Vice Chairperson of Aviation Safety Council of the Republic of China
- In office 21 May 2012 – 2016
- Chairperson: Chang Yu-hern Hwung Hwung-hweng
- Succeeded by: Chi Chia-fen

Personal details
- Born: 1963 (age 62–63) Taipei, Taiwan
- Education: National Taiwan University (LLB) University of Cambridge (LLM) King's College London (LLM) Leiden University (PhD)

= Michael Gau =

Taiwanese legal scholar

Michael Gau (高聖惕 (Gāo Shèngtì)) is a Taiwanese legal scholar and lawyer. He served as vice chairperson of the Aviation Safety Council from 21 May 2012 and was replaced by Chi Chia-fen in 2016.
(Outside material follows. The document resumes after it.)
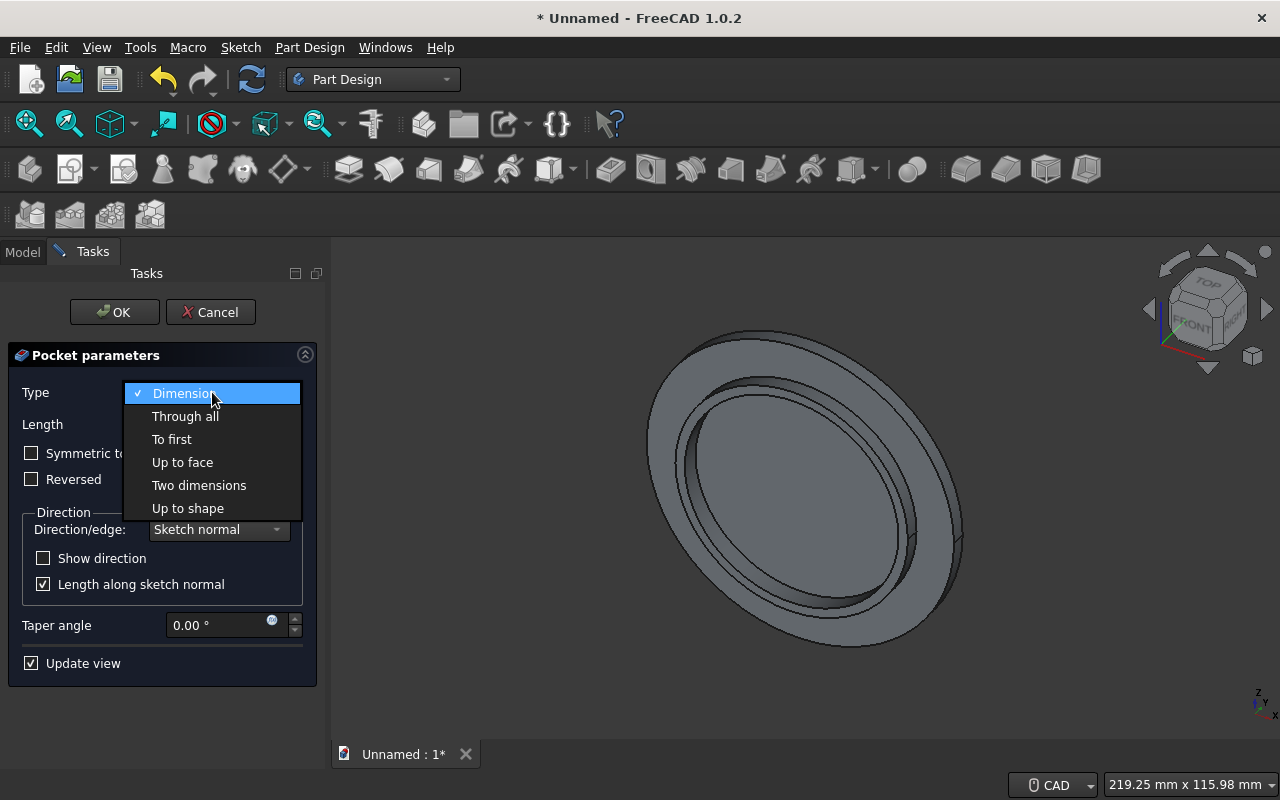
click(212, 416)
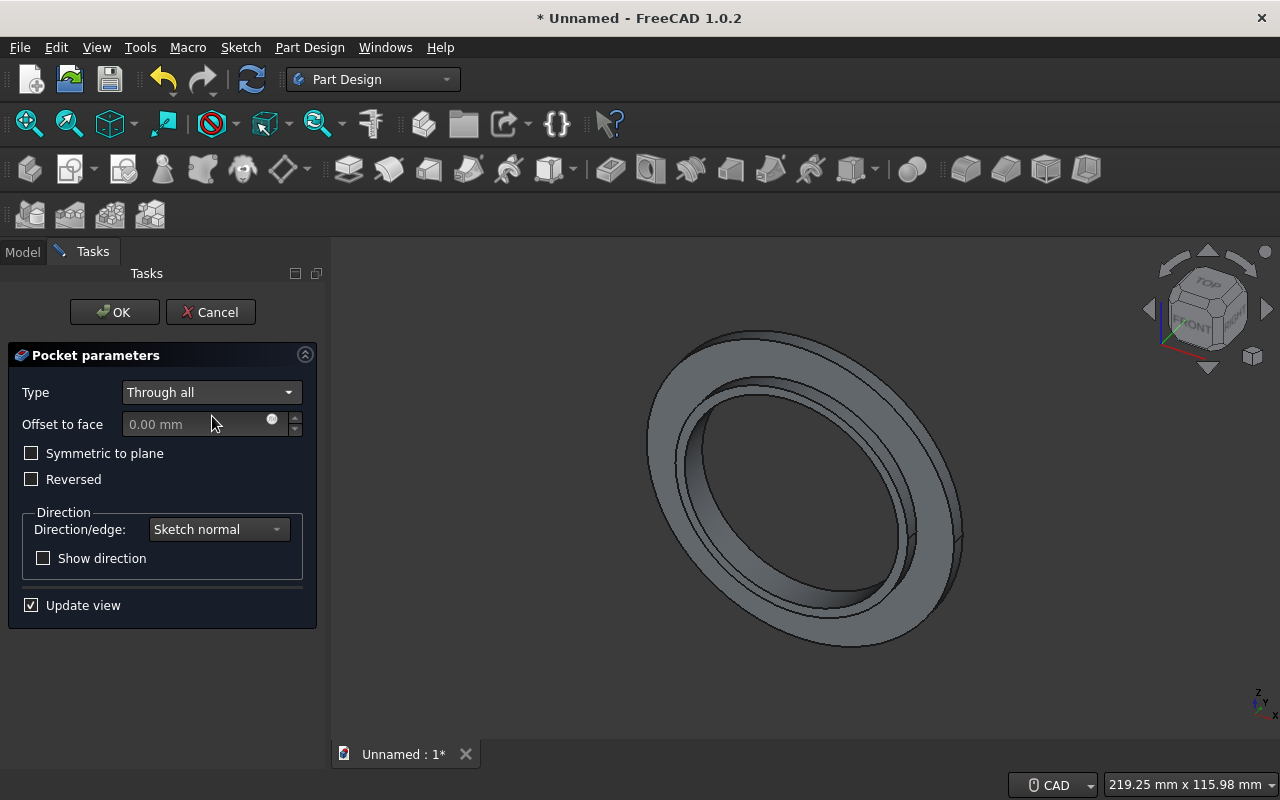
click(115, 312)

==Early life and education==
Gau was born in 1963 in Taipei. He graduated from National Taiwan University with a Bachelor of Laws (LL.B.) in 1987, then completed graduate studies in England, where he earned a Master of Laws (LL.M.) specializing in international law from the University of Cambridge in 1990 and a second LL.M. from King's College London in 1991. In 1997, Gau completed his Ph.D. in law from Leiden University in the Netherlands. His doctoral dissertation was titled, "Governmental Representation for Territories in the ICAO: A Case Study".

==Career==
He has taught at National University of Kaohsiung in 2000–2005, Soochow University in 2005–2010, National Taiwan Ocean University in 2010–2017, Hainan University in 2017-2019 and Wuhan University since 2019.